-- Opening Marker --

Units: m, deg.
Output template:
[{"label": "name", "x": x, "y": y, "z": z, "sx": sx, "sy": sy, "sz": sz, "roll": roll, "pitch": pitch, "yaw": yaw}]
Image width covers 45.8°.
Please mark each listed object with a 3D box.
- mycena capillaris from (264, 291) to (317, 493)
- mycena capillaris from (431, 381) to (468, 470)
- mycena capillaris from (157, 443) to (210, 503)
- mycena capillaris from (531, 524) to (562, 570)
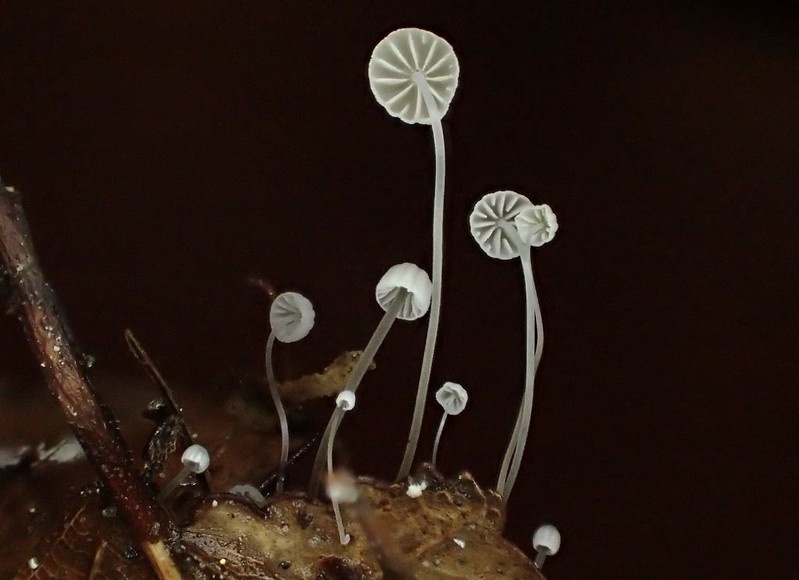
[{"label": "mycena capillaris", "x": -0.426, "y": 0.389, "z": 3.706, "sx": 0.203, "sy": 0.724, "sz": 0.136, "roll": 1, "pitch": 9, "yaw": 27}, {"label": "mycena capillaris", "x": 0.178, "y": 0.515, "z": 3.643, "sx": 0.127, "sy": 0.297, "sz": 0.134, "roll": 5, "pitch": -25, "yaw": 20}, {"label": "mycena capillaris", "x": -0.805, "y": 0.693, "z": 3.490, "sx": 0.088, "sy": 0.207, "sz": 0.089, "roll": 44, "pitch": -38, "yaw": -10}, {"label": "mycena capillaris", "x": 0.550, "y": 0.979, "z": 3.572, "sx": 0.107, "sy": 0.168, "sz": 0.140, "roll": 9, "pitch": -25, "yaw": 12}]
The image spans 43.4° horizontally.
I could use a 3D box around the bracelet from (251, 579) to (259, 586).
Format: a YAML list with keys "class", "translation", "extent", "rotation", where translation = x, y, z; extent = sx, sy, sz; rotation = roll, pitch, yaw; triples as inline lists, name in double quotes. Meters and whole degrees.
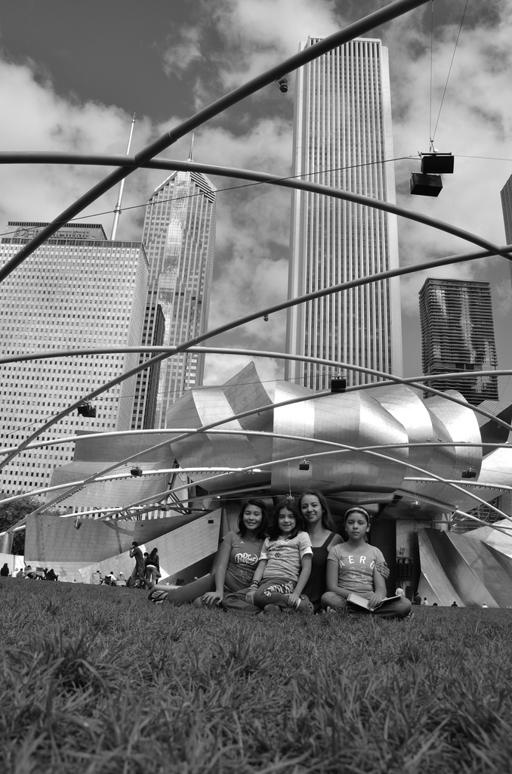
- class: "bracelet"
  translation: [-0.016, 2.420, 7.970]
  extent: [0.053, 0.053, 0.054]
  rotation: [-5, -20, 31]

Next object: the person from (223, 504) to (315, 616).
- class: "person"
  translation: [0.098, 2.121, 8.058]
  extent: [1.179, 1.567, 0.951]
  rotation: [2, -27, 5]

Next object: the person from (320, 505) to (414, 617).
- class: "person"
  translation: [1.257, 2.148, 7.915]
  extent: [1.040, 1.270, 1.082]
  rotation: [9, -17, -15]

-- Closing Marker --
-- Opening Marker --

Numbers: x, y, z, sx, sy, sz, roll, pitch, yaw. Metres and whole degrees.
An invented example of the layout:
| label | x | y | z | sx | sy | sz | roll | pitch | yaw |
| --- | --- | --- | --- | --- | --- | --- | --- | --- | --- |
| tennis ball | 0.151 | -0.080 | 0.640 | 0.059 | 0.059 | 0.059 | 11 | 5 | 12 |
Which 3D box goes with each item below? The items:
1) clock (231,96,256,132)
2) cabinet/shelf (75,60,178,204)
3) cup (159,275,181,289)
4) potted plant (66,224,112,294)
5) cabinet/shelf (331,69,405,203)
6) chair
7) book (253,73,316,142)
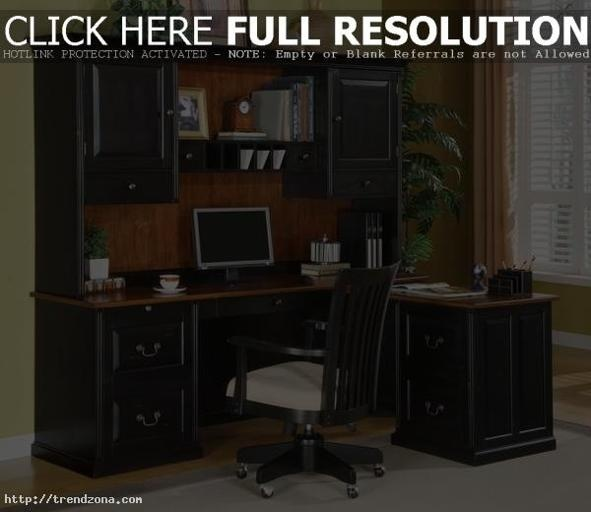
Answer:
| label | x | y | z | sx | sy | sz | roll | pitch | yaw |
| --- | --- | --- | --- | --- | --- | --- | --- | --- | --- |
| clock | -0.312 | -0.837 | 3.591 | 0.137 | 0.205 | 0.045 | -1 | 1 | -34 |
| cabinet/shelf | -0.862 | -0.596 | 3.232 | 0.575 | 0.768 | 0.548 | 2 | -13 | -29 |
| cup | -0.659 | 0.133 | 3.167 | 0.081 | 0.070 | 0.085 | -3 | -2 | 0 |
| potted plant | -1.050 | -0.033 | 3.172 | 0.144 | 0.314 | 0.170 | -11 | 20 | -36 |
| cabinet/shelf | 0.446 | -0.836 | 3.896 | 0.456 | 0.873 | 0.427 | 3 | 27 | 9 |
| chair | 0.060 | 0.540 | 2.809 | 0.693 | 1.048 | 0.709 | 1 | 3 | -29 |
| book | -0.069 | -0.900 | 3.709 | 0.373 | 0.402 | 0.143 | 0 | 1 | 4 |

-- Closing Marker --

▸ **Activity**:
What is needed is an exact copy of the lines above, from the one containing "11 | 5 | 12 |" through the one containing "7) book (253,73,316,142)", with nothing added.

▸ **Task answer**:
| tennis ball | 0.151 | -0.080 | 0.640 | 0.059 | 0.059 | 0.059 | 11 | 5 | 12 |
Which 3D box goes with each item below? The items:
1) clock (231,96,256,132)
2) cabinet/shelf (75,60,178,204)
3) cup (159,275,181,289)
4) potted plant (66,224,112,294)
5) cabinet/shelf (331,69,405,203)
6) chair
7) book (253,73,316,142)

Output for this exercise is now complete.